◆ What is expected
Please repeat the records word for word and skip the pictures.

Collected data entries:

Segment Open

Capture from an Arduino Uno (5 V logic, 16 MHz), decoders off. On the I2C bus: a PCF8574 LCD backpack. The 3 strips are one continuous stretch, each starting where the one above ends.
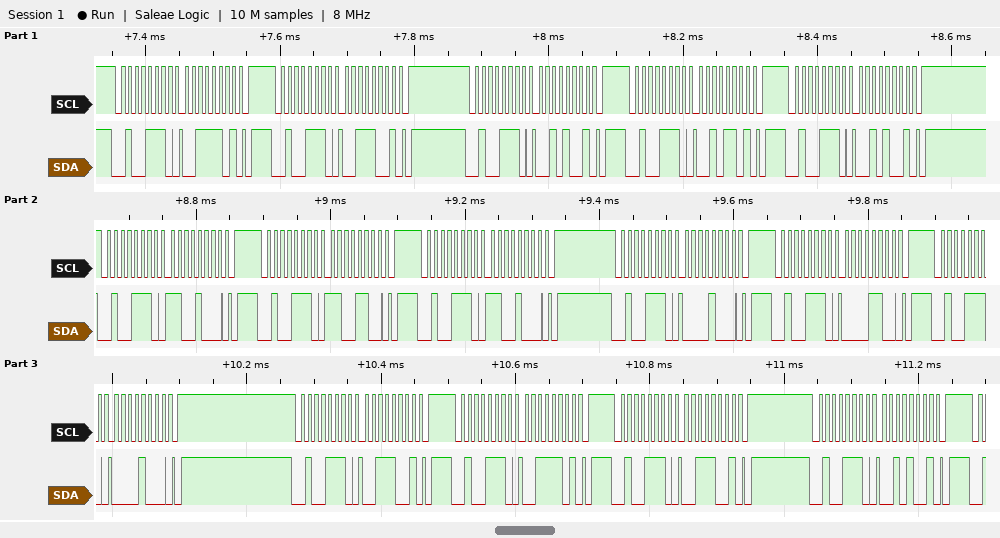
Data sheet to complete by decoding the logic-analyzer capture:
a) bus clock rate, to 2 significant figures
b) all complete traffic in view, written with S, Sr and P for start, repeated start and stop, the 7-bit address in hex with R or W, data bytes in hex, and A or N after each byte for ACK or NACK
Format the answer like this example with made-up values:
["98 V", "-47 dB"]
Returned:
["100 kHz", "S 27W A 3D A P S 27W A 39 A P S 27W A 29 A P S 27W A 2D A P S 27W A 29 A P S 27W A C8 A P S 27W A CC A P S 27W A C8 A P S 27W A 08 A P S 27W A 0C A P S 27W A 08 A P S 27W A 39 A P S 27W A 3D A P S 27W A 39 A P S 27W A 29 A P"]

Segment Closed

◆ Response for this exercise
Capture from an Arduino Uno (5 V logic, 16 MHz), decoders off. On the I2C bus: a PCF8574 LCD backpack. The 3 strips are one continuous stretch, each starting where the one above ends.
Data sheet to complete by decoding the logic-analyzer capture:
a) bus clock rate, to 2 significant figures
b) all complete traffic in view, written with S, Sr and P for start, repeated start and stop, the 7-bit address in hex with R or W, data bytes in hex, and A or N after each byte for ACK or NACK
Format the answer like this example with made-up values:
["98 V", "-47 dB"]
Returned:
["100 kHz", "S 27W A 3D A P S 27W A 39 A P S 27W A 29 A P S 27W A 2D A P S 27W A 29 A P S 27W A C8 A P S 27W A CC A P S 27W A C8 A P S 27W A 08 A P S 27W A 0C A P S 27W A 08 A P S 27W A 39 A P S 27W A 3D A P S 27W A 39 A P S 27W A 29 A P"]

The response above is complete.